Writing Militarily pt 2

25th Infantry, some wearing buffalo robes, Ft. Keogh, Montana 1890

Indian Wars, post-Civil War to WWI

The Indian Wars, though occupying a time frame mirroring colonization, from the Pequot War in 1637 to the Posey War in 1923 between the Ute and Paiute against Mormon settlers, the conflicts romanticized in western films cover a time between the American Civil War and the crushing of the Sioux after Little Big Horn in 1876. It can be said that the uprisings, localized conflicts between settlers and marauders, punitive expeditions, and conflicts like the French and Indian War, War of 1812, and Civil War there were incidents that pit Indians against whites or hispanics throughout our nation’s history.

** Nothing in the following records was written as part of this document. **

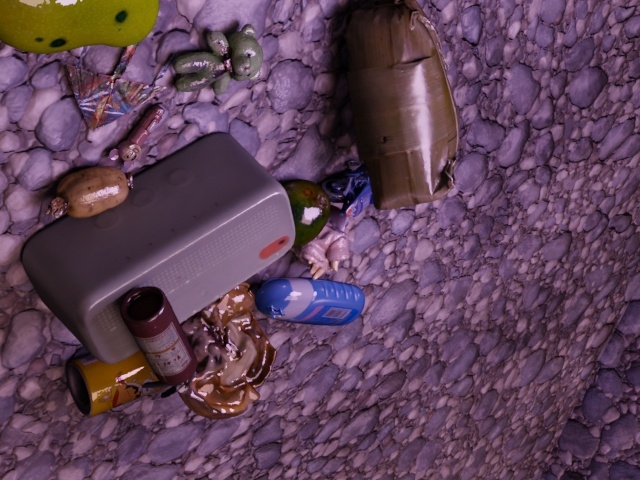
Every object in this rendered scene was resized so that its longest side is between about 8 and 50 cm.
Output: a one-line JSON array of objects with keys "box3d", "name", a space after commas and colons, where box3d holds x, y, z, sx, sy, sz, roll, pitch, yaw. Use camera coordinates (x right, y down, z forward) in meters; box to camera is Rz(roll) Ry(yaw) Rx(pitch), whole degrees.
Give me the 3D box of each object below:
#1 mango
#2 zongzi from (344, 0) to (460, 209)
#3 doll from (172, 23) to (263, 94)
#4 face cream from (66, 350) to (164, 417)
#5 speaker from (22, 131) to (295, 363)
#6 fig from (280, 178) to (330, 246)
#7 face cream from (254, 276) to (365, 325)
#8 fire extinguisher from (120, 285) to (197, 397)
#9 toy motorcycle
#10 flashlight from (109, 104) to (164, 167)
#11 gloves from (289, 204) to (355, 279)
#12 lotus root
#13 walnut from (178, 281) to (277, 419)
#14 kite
[{"box3d": [-0.319, -0.319, 1.180, 0.293, 0.143, 0.175, -2, 124, -55], "name": "mango"}, {"box3d": [0.160, -0.315, 1.681, 0.418, 0.181, 0.447, -48, 131, -64], "name": "zongzi"}, {"box3d": [-0.155, -0.269, 1.439, 0.150, 0.077, 0.115, -22, 135, -18], "name": "doll"}, {"box3d": [-0.278, 0.212, 1.686, 0.349, 0.105, 0.105, -18, 132, -35], "name": "face cream"}, {"box3d": [-0.245, 0.011, 1.486, 0.406, 0.184, 0.183, -33, 139, -20], "name": "speaker"}, {"box3d": [-0.050, -0.029, 1.722, 0.117, 0.117, 0.177, -13, 139, -38], "name": "fig"}, {"box3d": [-0.027, 0.122, 1.847, 0.149, 0.083, 0.264, -26, 158, 31], "name": "face cream"}, {"box3d": [-0.248, 0.168, 1.416, 0.099, 0.071, 0.231, -13, 138, 0], "name": "fire extinguisher"}, {"box3d": [0.099, -0.101, 1.790, 0.205, 0.114, 0.076, -19, 134, -34], "name": "toy motorcycle"}, {"box3d": [-0.278, -0.161, 1.433, 0.110, 0.031, 0.052, -53, 142, 3], "name": "flashlight"}, {"box3d": [0.009, 0.000, 1.802, 0.144, 0.110, 0.094, -48, -176, -2], "name": "gloves"}, {"box3d": [-0.350, -0.073, 1.406, 0.152, 0.063, 0.072, -28, 110, -30], "name": "lotus root"}, {"box3d": [-0.181, 0.185, 1.610, 0.204, 0.141, 0.238, 17, 82, -52], "name": "walnut"}, {"box3d": [-0.306, -0.229, 1.367, 0.183, 0.010, 0.160, 6, 120, -50], "name": "kite"}]

In 1862, a column of infantry, cavalry, and artillery raised in California to help repel Confederate General Sibley’s New Mexico invasion never faced a confederate save for a brief skirmish in Arizona when a patrol of the 1st California Cavalry ran into a confederate held outpost at Pichacho Pass, rounding up three prisoners and scattering the rest. The numbers involved were small and the outcome already established as the confederates had little choice but to withdraw before the superior union force. Having arrived too late to affect the outcome, the remaining Union forces in New Mexico: the 1st Colorado, 1st, 2nd, and 3rd New Mexico Volunteer Infantry and the 1st California Infantry, 1st California Cavalry, 1st California Artillery spent the rest of the war fighting Apache and Navajo Indians. A visit to the Santa Fe National Cemetery will reveal remnants of Californian service in New Mexico, men who died of disease and wounds from Indian campaigning.

As before the Civil War, these frontier units were scattered about in forts established along critical trade and communication routes throughout the western states of New Mexico, Arizona, Utah, Nevada, Colorado and later Texas and Oklahoma.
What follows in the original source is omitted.